#### What needs to be done:
What is needed is an exact retyping of the records below, from the first line through the line that contains "Format example (made".
--- Supplied material ---
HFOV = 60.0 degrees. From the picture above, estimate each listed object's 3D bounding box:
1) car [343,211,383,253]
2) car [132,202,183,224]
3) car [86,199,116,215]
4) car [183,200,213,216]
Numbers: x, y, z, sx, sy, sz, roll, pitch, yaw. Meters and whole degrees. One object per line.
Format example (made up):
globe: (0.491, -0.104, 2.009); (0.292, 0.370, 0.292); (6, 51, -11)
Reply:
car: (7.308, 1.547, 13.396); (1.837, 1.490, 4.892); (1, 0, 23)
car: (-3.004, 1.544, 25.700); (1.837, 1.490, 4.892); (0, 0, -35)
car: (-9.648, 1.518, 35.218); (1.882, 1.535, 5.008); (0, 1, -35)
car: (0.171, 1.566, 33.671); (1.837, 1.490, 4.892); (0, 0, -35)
---
#### Answer box:
HFOV = 60.0 degrees. From the picture above, estimate each listed object's 3D bounding box:
1) car [343,211,383,253]
2) car [132,202,183,224]
3) car [86,199,116,215]
4) car [183,200,213,216]
Numbers: x, y, z, sx, sy, sz, roll, pitch, yaw. Meters and whole degrees. One object per line.
Format example (made up):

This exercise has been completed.